Corriere del Veneto (Treviso e Belluno)
«Donadio dava protezione alle ditte edili Così zero furti»
Il «pizzo», quello no, non l’ha mai chiesto. Ma Luciano Donadio, il presunto boss del clan dei casalesi di Eraclea, offriva «protezione» alle imprese edili che venivano a lavorare nel suo territorio («fino a Caorle e Jesolo»). «Il suo obiettivo era accaparrarsi il cliente o usare l’imprenditore per avere fatture inesistenti su cui guadagnare l’Iva - ha spiegato ieri in aula bunker il sandonatese Christian Sgnaolin, per oltre 15 anni suo braccio destro, nel maxi processo in corso - La protezione consisteva nel fatto che nei loro cantieri non veniva rubato nulla, si potevano lasciare anche le chiavi attaccate ai camion. E poi le imprese “protette” prendevano i soldi agli stati di avanzamento lavori».

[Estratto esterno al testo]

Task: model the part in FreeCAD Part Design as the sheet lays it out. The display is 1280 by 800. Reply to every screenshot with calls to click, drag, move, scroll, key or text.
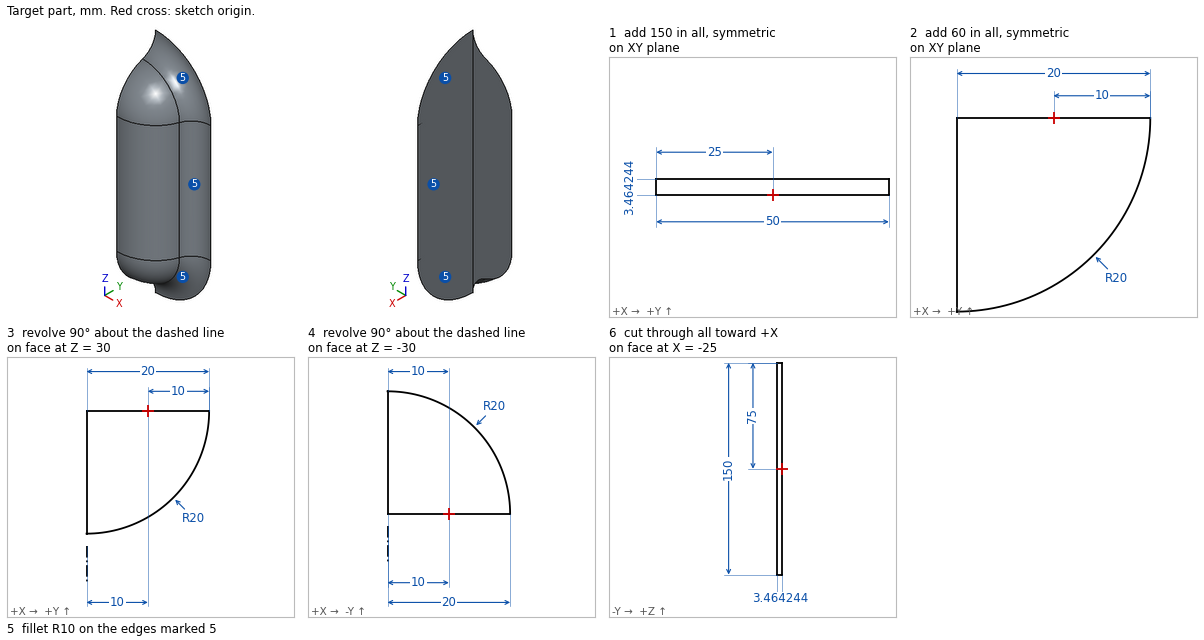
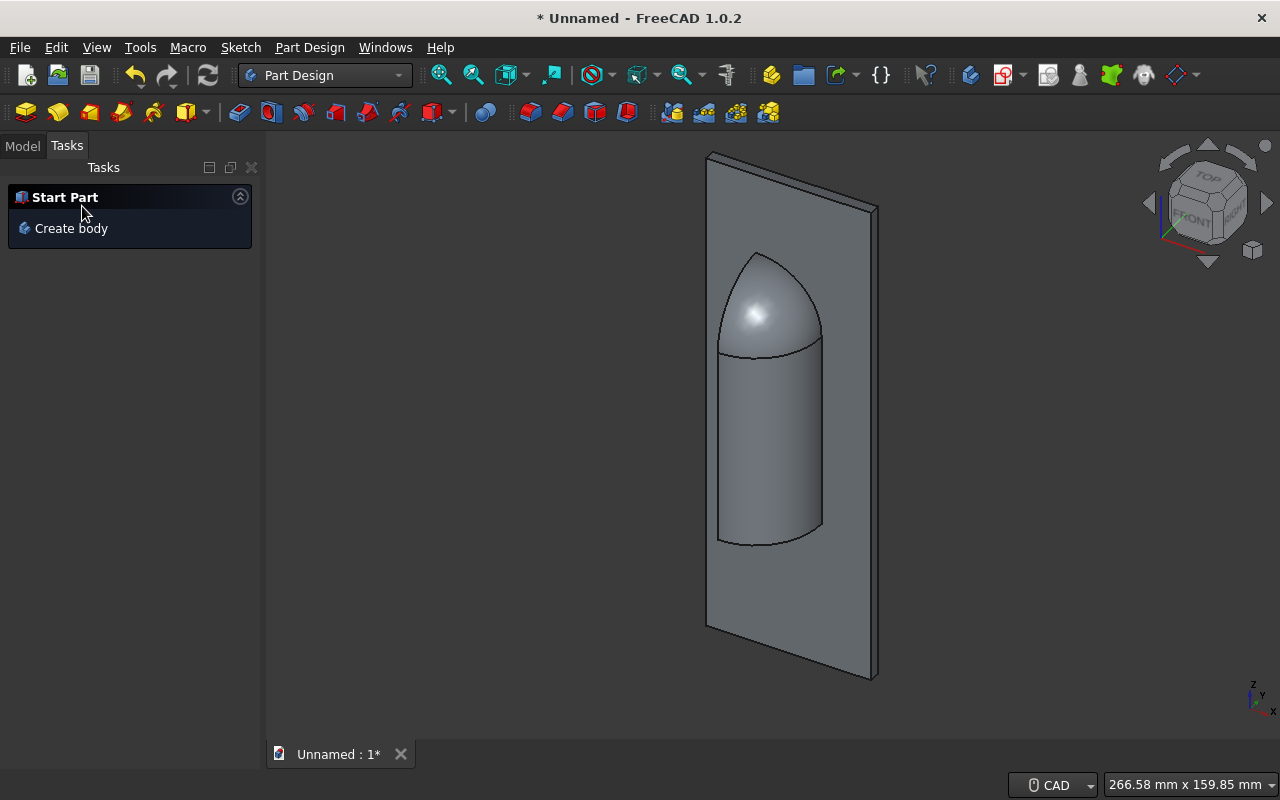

L’esame di Sgnaolin si è concluso dopo quattro lunghe udienze. L’uomo, che si è pentito ma non ha ancora formalmente chiesto di accedere a un programma di protezione, ha raccontato di come «molte persone ci avevano riferito che eravamo sotto indagine» e dei «trucchi» di Donadio per evitare di essere ascoltato. «Usava un cellulare che chiamava il “muletto”, uno di quelli da 29 euro che non aveva internet, e quando lo chiamavo dicevo una frase in codice e allora mi chiamava da quel numero - ha detto - Si era fatto bonificare l’ufficio due volte e una anche la macchina. In ufficio teneva la radio alta e ha anche cercato di prendere un dispositivo anti-intercettazioni, ma alla fine non l’ha trovato». Sgnaolin ha ribadito di non essersi mai sentito un «casalese a Eraclea». «Invece a Donadio piaceva essere il boss - ha proseguito - usava una mentalità criminale vecchio stampo». Ma ha anche rivelato che se nei primi anni Duemila il gruppo mandava soldi a Casal di Principe, con la crisi del 2006-2007 smise di farlo e allora venne mandato al Nord Raffaele Buonanno. «Disse che era salito per capire che cosa faceva Donadio, perché i soldi non tornavano più a casa». (a. zo.)